▶ Work instruction: Across the entries below, work out how many lines contain "instance". Please give the number only.

▶ Dataset excerpts:
# # # #

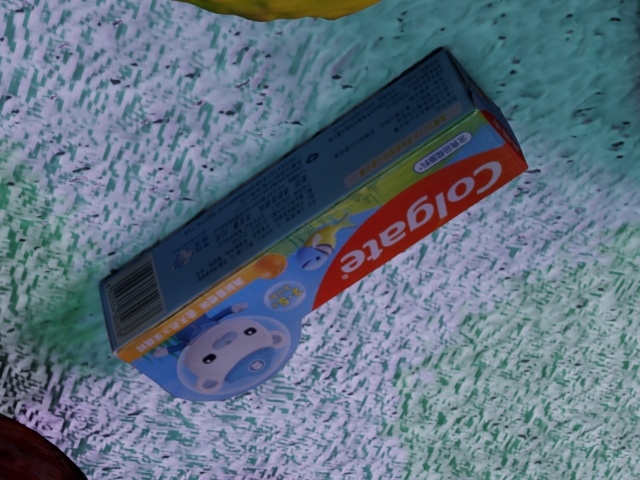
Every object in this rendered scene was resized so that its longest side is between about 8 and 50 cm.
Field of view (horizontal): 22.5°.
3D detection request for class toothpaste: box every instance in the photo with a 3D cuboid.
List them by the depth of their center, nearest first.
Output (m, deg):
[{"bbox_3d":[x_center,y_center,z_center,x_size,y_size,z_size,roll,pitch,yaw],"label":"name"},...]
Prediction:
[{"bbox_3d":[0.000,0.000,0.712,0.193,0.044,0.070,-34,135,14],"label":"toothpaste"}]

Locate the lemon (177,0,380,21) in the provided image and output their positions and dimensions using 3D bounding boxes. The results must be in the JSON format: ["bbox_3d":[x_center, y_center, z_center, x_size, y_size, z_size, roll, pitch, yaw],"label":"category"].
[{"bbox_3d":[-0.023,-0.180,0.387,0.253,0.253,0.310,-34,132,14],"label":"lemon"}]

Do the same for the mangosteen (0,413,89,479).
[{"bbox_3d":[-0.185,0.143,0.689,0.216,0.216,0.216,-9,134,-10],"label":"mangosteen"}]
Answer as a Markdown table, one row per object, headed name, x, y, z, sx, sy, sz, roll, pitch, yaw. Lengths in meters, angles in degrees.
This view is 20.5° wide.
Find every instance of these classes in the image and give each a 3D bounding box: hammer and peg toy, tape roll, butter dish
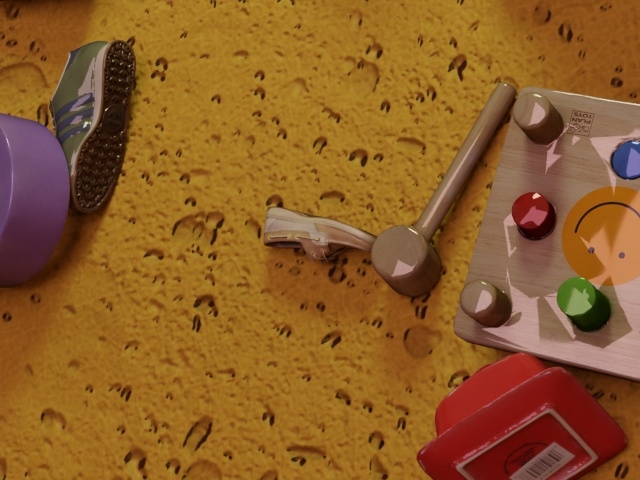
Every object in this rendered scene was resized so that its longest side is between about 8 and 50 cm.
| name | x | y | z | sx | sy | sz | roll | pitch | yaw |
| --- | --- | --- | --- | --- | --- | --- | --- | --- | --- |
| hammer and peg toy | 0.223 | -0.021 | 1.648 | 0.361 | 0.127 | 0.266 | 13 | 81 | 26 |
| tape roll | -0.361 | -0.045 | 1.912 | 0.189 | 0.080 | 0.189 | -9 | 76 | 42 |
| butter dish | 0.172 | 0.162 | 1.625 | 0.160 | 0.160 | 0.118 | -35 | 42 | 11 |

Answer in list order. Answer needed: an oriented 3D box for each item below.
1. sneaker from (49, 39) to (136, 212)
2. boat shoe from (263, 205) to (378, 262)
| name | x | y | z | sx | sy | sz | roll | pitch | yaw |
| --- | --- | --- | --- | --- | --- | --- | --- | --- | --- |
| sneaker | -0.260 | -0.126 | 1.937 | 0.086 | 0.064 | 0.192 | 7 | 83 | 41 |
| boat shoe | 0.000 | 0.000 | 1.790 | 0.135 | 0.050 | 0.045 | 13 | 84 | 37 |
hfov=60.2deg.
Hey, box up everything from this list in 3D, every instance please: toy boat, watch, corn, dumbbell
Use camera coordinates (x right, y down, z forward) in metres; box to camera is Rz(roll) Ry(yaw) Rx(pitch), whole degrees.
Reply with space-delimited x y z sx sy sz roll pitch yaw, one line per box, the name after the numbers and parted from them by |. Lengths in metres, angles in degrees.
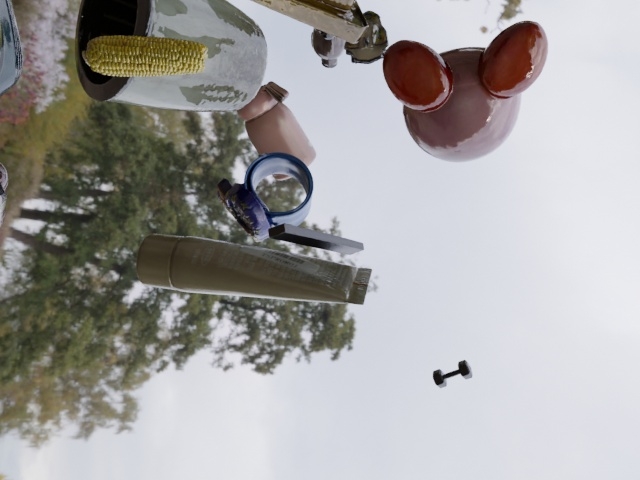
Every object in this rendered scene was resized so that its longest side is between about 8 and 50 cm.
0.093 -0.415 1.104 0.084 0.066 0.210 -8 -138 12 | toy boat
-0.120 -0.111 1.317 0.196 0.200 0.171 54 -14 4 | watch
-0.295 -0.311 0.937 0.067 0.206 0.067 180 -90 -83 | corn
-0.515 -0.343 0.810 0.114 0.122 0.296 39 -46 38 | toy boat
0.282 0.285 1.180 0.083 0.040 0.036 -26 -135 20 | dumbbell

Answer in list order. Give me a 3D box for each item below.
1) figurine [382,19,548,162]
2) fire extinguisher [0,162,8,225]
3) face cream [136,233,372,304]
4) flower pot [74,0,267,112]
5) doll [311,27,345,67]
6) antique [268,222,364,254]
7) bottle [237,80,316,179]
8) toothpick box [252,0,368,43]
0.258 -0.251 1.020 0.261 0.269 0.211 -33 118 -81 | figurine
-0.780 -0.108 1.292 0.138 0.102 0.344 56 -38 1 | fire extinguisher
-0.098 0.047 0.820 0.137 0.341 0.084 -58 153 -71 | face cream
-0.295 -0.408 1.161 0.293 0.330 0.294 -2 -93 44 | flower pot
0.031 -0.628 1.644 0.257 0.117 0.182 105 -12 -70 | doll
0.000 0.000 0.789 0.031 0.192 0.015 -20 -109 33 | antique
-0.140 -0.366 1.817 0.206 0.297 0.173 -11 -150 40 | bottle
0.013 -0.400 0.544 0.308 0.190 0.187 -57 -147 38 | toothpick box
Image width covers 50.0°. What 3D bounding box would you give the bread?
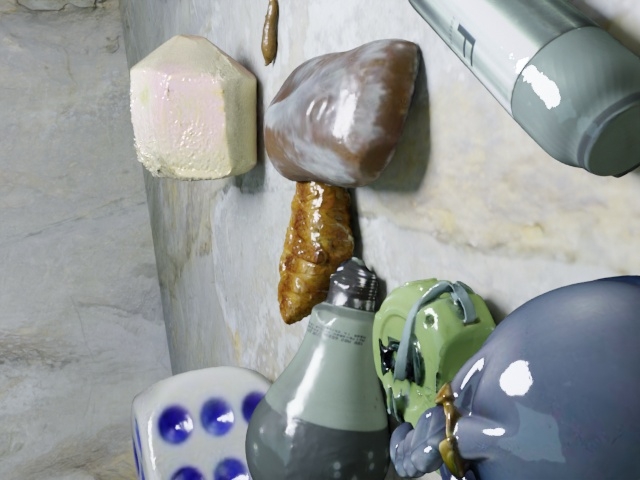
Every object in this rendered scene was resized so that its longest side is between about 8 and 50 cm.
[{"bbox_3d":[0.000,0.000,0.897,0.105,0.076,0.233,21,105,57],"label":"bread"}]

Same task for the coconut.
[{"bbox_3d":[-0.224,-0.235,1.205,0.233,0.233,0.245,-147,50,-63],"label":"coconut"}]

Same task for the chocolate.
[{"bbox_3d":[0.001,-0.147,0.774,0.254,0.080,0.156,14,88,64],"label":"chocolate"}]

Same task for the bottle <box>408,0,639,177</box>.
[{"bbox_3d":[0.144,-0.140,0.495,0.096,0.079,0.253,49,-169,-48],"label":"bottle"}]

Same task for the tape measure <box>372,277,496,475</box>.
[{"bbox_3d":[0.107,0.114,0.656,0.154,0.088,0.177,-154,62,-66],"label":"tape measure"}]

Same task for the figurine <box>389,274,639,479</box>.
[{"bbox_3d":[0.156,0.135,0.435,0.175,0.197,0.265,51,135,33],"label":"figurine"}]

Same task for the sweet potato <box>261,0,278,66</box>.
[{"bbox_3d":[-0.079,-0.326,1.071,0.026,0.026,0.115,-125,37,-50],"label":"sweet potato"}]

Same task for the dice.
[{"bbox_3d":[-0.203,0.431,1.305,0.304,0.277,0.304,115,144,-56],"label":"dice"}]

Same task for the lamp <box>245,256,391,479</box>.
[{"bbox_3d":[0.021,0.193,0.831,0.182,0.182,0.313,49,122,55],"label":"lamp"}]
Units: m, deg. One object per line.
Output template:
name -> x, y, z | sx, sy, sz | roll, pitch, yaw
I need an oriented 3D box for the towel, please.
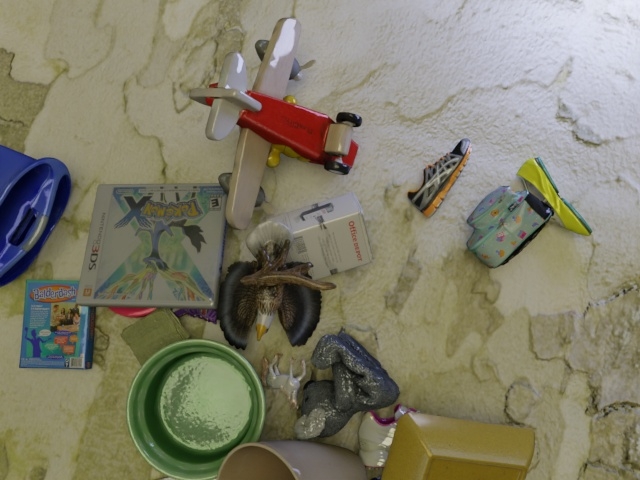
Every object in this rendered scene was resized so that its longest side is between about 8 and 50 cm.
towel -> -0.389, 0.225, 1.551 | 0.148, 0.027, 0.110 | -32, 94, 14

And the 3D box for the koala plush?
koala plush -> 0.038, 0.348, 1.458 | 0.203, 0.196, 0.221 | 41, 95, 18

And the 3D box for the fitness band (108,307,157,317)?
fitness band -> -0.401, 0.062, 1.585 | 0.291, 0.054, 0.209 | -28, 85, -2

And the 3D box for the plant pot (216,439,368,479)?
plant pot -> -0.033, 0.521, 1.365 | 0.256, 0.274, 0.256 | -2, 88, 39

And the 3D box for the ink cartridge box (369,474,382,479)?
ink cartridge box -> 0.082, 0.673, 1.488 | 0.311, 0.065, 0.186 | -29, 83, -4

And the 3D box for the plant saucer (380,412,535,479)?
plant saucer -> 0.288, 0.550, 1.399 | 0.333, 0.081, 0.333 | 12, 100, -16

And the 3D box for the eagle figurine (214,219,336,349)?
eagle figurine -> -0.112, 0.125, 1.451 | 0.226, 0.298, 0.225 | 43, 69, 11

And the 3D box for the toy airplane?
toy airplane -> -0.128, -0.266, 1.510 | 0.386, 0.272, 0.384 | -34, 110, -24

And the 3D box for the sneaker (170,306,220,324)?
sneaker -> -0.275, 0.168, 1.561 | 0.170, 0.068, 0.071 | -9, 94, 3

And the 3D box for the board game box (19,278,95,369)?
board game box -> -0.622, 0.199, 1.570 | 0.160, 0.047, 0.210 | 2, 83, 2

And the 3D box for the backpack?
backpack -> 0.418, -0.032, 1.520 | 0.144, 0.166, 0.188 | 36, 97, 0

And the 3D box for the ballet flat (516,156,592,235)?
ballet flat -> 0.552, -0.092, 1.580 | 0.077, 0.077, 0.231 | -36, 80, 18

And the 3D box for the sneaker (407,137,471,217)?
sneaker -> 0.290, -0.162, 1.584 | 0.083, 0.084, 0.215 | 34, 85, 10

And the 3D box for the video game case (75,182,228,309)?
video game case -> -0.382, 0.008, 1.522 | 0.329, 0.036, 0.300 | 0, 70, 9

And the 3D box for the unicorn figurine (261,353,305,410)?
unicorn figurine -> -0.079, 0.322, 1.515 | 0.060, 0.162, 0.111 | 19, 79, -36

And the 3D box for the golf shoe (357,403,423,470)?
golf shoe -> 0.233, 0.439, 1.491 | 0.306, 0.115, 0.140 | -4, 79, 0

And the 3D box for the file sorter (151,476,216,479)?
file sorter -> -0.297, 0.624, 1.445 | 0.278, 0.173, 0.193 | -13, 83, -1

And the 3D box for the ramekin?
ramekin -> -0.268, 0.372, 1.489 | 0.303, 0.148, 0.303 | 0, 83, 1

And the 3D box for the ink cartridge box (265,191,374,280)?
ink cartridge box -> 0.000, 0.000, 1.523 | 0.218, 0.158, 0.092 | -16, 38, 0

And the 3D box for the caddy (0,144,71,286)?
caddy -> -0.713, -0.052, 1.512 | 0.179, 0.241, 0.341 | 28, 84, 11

# # # #

▶ Exercise result: 3